My first attempt was to solve it with Z3, but it didn’t produce a solution in a reasonable time. ChatGPT suggested using a Mixed-Integer Linear Programming (MILP) solver.
#!/usr/bin/env python3
from pulp import LpProblem, LpVariable, lpSum, LpBinary, LpMinimize, PULP_CBC_CMD
A = [int(x, 16) for x in """35e, 60, 203, 73, 23e, 19f, 2f9, 79, 3a6, 26a, 348, 3b6, 45, 286, fe, 2b1,
231, 1a0, 22d, 1f7, 37c, 16e, 3e1, 2ab, 22, 19b, 5a, 6, 191, 52, 383, 98, 8e, 1f1, 19c, 3d, 215,
11, 338, 61, 88, 22a, 115, 222, 224, 1c1, 2, 2fc, 1ab, 3c5, cf, 3bd, 37a, 1ef, 1da, 2e8, dd, 198,
20a, 205, 81, 2b3, 2bd, 233, 173, 2c3, 1de, 140, 144, 18c, f4, 32f, d8, 1e5, 4c, 341, 27f, 33, 211,
18f, 2c6, 382, 8a, 2ef, 2e1, ab, 29d, de, e1, 31a, 390, 3de, 1ca, 368, 276, 234, 132, 2b6, 10d, 80,
3c2, a4, 3da, 3b0, 21e, 379, 78, 21a, 3cd, 34b, 384, 342, 204, f0, 19e, 11c, d9, 2ae, 3cc, 1e7, 74,
2c1, 87, 3bb, 2f, 369, 20b, 7, 372, 114, 30c, 189, 2b9, 18b, 39a, 23b, 127, 24, 57, 261, 3e7, 259,
2d5, 39e, 1a3, 3c3, 2fa, 13d, b1, 3e5, 27e, 21, 2e2, 3b1, 334, 305, 10b, 3a4, a1, 17c, 27d, 251,
187, f7, 37b, 346, 1d1, 1a1, 180, 2d6, 13e, 330, 2d4, 9, 3cb, 170, b9, 298, 6e, a7, 1fe, 2de, 25d,
34a, 9e, 175, 93, 3ce, 30e, 1c2, 2e3, 12a, 2d, 2f2, 2e9, 1a8, 13c, 3c9, 8d, 36e, 27c, 26e, 337,
393, 280, 26f, eb, 387, 121, 26b, 183, 16f, 65, 16a, 92, 6a, 36f, 14e, 1fc, ae, 169, 31f, 18e, d4,
295, 99, 14b, 109, 134, a0, ed, 1ea, 2d9, 111, 333, 263, 2e6, 188, 55, 2f8, 117, 1db, 1af, e7, 296,
2a7, 2f1, 18, 154, 5d, 17e, da, 2a9, fc, cd, 289,""".split(',') if x.strip()]

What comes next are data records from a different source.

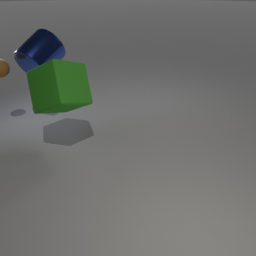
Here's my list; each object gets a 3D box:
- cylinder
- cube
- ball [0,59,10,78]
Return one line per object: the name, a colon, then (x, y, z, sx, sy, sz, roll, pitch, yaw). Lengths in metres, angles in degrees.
cylinder: (-3.378, -2.833, 10.808, 1.400, 1.400, 1.400, 17, 60, 29)
cube: (-2.231, -1.310, 9.200, 1.400, 1.400, 1.400, -13, -3, 35)
ball: (-4.827, -2.251, 10.546, 0.700, 0.700, 0.700, 0, 28, 0)
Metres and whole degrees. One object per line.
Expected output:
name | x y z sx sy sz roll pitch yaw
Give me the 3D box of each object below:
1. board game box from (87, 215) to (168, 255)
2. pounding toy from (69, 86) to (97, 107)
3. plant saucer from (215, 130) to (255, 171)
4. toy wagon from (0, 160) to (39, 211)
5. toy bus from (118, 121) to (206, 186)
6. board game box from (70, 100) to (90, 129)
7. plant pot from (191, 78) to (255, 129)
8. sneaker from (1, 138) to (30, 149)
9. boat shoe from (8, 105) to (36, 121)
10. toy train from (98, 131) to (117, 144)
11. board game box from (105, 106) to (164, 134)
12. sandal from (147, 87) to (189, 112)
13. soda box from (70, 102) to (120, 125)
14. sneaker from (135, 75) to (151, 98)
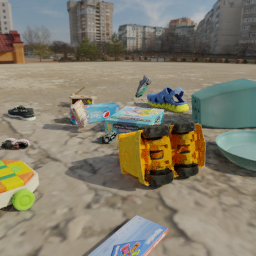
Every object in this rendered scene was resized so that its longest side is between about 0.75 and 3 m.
board game box | 0.037 2.046 4.923 0.744 0.140 1.444 11 20 35
pounding toy | -2.620 -1.734 15.513 1.929 1.106 1.103 10 16 31
plant saucer | 4.135 0.730 8.558 2.869 0.516 2.869 -1 17 0
toy wagon | -3.464 1.432 6.225 2.745 0.543 2.129 -14 22 -38
toy bus | 0.741 0.621 7.794 2.179 1.479 2.092 -8 3 -31
board game box | -1.906 -0.556 11.304 0.215 0.930 0.705 -11 26 23
plant pot | 4.159 -0.985 12.113 2.581 1.823 1.824 -8 18 -3
sneaker | -3.787 0.553 9.407 0.902 0.362 0.389 -7 20 -17
boat shoe | -5.099 -0.802 13.384 1.931 0.582 0.730 11 20 31
toy train | -0.721 0.334 10.172 0.481 0.360 0.844 -3 15 22
board game box | 0.357 -0.332 11.888 1.850 0.575 2.451 6 18 19
sandal | 2.137 -1.673 15.196 1.117 1.223 2.809 -17 22 -38
soda box | -1.499 -0.690 12.833 2.170 0.696 0.736 -8 19 -26
sneaker | 0.474 -1.447 9.803 0.353 0.805 0.300 43 10 35

B = [int(x, 16) for x in """2f0, 328, 21b, 392, ba, 371, 4e, 99, 61, 380, e9, 1f3, 33c, 18, 20e, 33, 28, aa, 158, 188,
381, 331, 2e, 40, 1e4, 11, 1ed, 1e1, 14f, 204, 24c, 1df, 32b, 1cf, 271, 2ad, 25f, bf, fe, 306, 11a,
19a, 1b0, 399, 33f, f1, 2bb, fa, 3a4, 385, 6b, 164, 2f6, 7f, 51, 223, 173, 12b, 3ad, 86, 106, 27d,
390, 201, 1ab, 1b7, 3c9, 303, 25a, 2b1, 2a0, 288, 142, b0, 1f5, 72, 3e0, 37f, 3c4, 285, 35f, 293,
2d4, 2a8, 15, f6, 3b6, 34b, 171, 2c3, 27b, 28d, 38c, 137, 3b0, 5e, 329, 265, 11c, 9d, 2de, 24, f3,
34f, 246, 266, 133, 3a, 8e, 273, 279, 33e, 9c, 2f8, 107, 1af, 222, 1a3, 323, 2ff, 234, 2af, f, 1fa,
3d7, 120, 344, 3c8, 149, 25d, 36d, 1a, 160, 221, 5b, 75, 197, 275, 1b9, 31e, 2bc, 34c, 143, 3d0, 302,
103, 30f, 378, 32e, 1bb, 2ee, 2e6, 1c6, b6, 280, 348, 2fd, 3b3, 3a1, 1cc, 352, 128, 38b, 155, 354,
1c3, 1e8, 242, 244, 139, 30c, 1d6, 3bd, 12, b2, 23c, 1b8, 2fc, 281, 1d5, 36e, 77, 5f, 3da, 17e, 5c,
3b8, 2f4, c0, ab, b7, 3ca, 335, 2e0, 9f, 30a, 1a8, 16f, 39b, 25c, 1b, 105, fb, 393, 257, 224, 109,
cb, 3ba, 264, a3, 30d, 114, 3e7, eb, c5, 9a, 1ad, 2c1, 4c, 94, 2ce, 210, 330, 3ce, 1c0, 8, 26a, 6c,
2ae, 1, 156, 2a2, 29c, 1c1, 1d0, 388, 20f, 11f, 364, 389, 68, 58, 11e, 163, 373, 132, 296, 368, 45,
111, 5d, 231, 168, 1ec, 1a7,""".split(',') if x.strip()]
TARGET_A = 0x7b82
MAX_B = 0x1770
model = LpProblem("subset", LpMinimize)
x = [LpVariable(f"x{i}", cat=LpBinary) for i in range(256)]
# Constraints
model += lpSum(A[i] * x[i] for i in range(256)) == TARGET_A
model += lpSum(B[i] * x[i] for i in range(256)) <= MAX_B
solver = PULP_CBC_CMD(msg=False)
status = model.solve(solver)
selected = [i for i in range(256) if x[i].value() > 0.5]
print("Selected indices:", selected)
print("A-sum:", sum(A[i] for i in selected))
print("B-sum:", sum(B[i] for i in selected))
masks = [0, 0, 0, 0]
for i in selected:
masks[i // 64] |= 1 << (i % 64)
for j, m in enumerate(masks):
print(f"mask[{j}] = {m} (hex {hex(m)})")
Running the script returns these four 64-bit values: 603623362480153936 2594381663086578176 5935814677652177097 1689210654328068; providing them to the application yields the flag: n1ctf{2c61982082d1af5052664054030285cd}.
Conclusion
The challenge revolved around understanding the inner workings of a small custom virtual machine that performed bitwise accumulation over lookup tables. Once the logic was reconstructed, it became clear that the problem could be expressed as a set of linear constraints — a perfect fit for an MILP solver. While Z3 struggled with the combinatorial search space, the linear formulation solved it cleanly and produced valid inputs that passed the VM’s verification, revealing the flag.